Diophantine supermap for binary quadratic equations

IN a previous post I noted the discovery of an infinite series. I decided I should name it and came up with the name: Diophantine supermap for binary quadratic equations

The series starts with

1. x² + Dy² = F

2. (x-Dy)² + D(x+y)² = F(D+1)

3. ((1-D)x-2Dy)² + D(2x + (1-D)y)² = F(D+1)²

4. ((1-3D)x + (D² - 3D)y)² + D((3-D)x + (1-3D)y)² = F(D+1)³

5. ((D² - 6D + 1)x + (4D² - 4D)y)² + D((4-4D)x + (D² - 6D + 1)y)² = F(D+1)⁴

and that goes out to infinity. To get successive terms in the series you use the algebraic result that given:

u² + Dv² = C

it must be true that

(u-Dv)² + D(u+v)² = C(D+1).

And where whenever the exponent of (D+1) is even, you can have a case where you just have a multiple of x and y, so you can solve for D, which defines possible values for F in terms of x or y.

For instance with

((1-D)x-2Dy)² + D(2x + (1-D)y)² = F(D+1)²

I have six possibilities:

(1-D)x-2Dy = +/-(D+1)x or +/-(D+1)y

and

2x + (1-D)y = +/-(D+1)y or +/-(D+1)x

but I will only work through four.

Considering the first gives:

(1-D)x-2Dy = (D+1)x and 2x + (1-D)y = (D+1)y, so

x = -y, from the first and x = Dy, so D=-1. Which gives F=0.

The second gives

(1-D)x-2Dy = -(D+1)x, so x = y,

and 2x + (1-D)y = -(D+1)y, so x = -y, so x=y=0.

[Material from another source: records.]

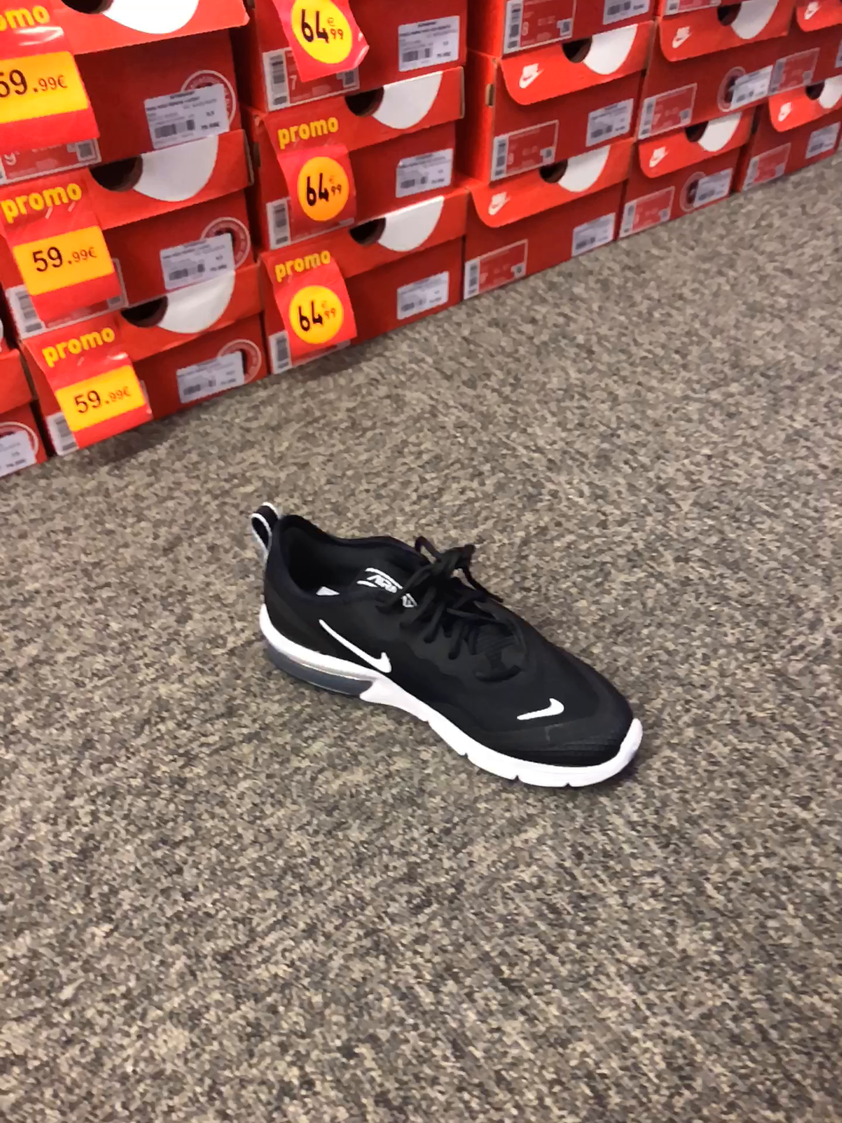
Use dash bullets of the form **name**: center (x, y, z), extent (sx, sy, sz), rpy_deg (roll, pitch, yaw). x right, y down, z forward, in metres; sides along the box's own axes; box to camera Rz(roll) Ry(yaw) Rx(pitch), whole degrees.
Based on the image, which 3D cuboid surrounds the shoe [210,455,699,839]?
- **shoe**: center (0.016, 0.045, 0.557), extent (0.256, 0.109, 0.101), rpy_deg (20, 47, 16)
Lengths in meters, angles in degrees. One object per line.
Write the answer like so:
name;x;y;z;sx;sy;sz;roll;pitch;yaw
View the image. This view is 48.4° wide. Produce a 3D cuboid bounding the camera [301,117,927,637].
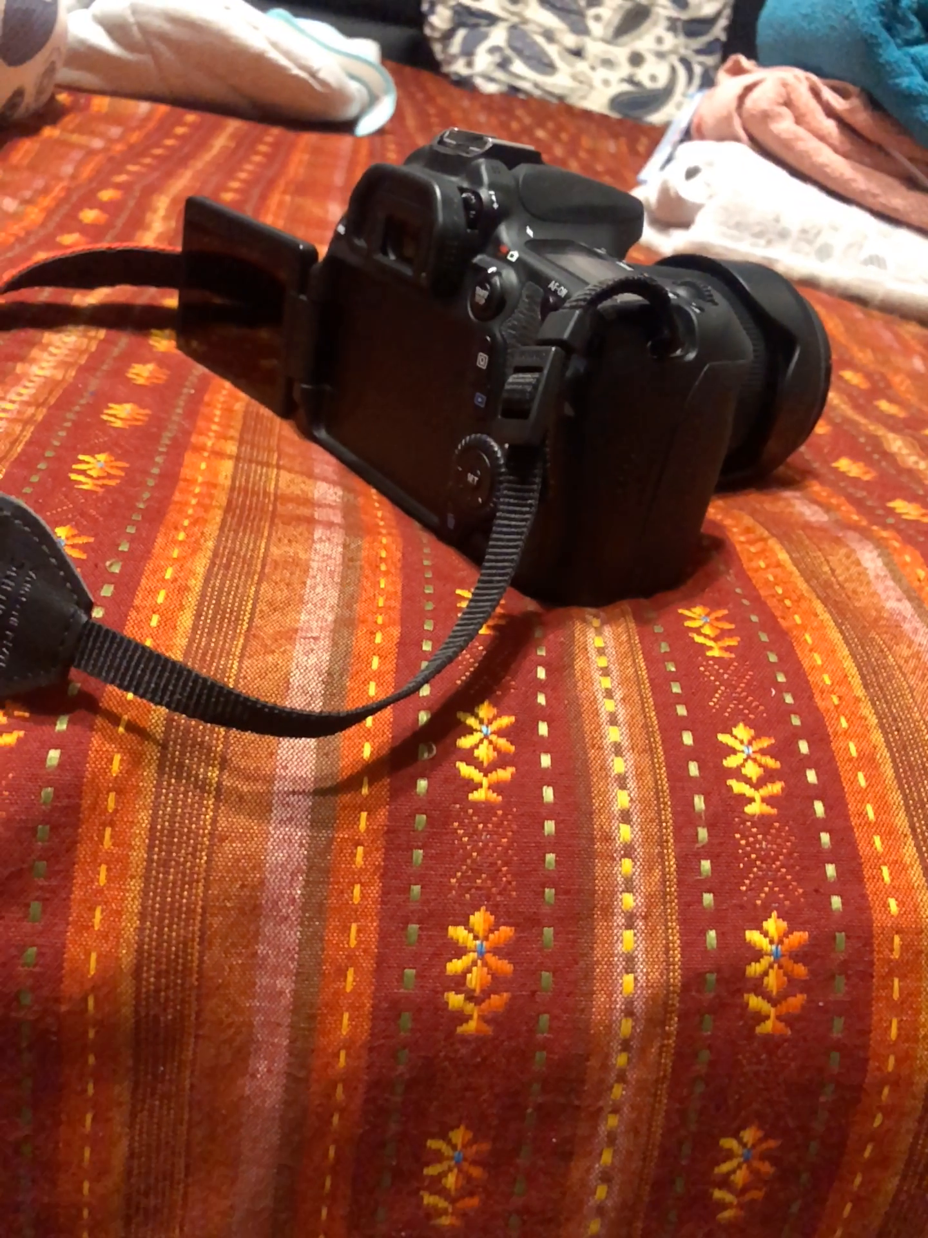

The third and fourth also give D=-1.

The next case where D can be set occurs with

((D² - 6D + 1)x + (4D² - 4D)y)² + D((4-4D)x + (D² - 6D + 1)y)² = F(D+1)⁴

which gives again six possibles:

(D² - 6D + 1)x + (4D² - 4D)y = +/-(D+1)²x or +/-(D+1)²y

and

(4-4D)x + (D² - 6D + 1)y = +/-(D+1)²y or +/-(D+1)²x

but I will only show one:

(D² - 6D + 1)x + (4D² - 4D)y = (D+1)²x, so 2x = (D - 1)y

and

(4-4D)x + (D² - 6D + 1)y = (D+1)²y, so (1-D)x = 2Dy,

which solves as D² + 2D + 1 = 0, so D=-1 again.

D=-1 will always be one of the solutions.

My theory is that other integers will emerge and that you will get all possible integer values for D somewhere in the supermap, and with other values you can get solutions for F, relative to x and y.

I think though mapping the number theoretic structure is best done by computer.


James Harris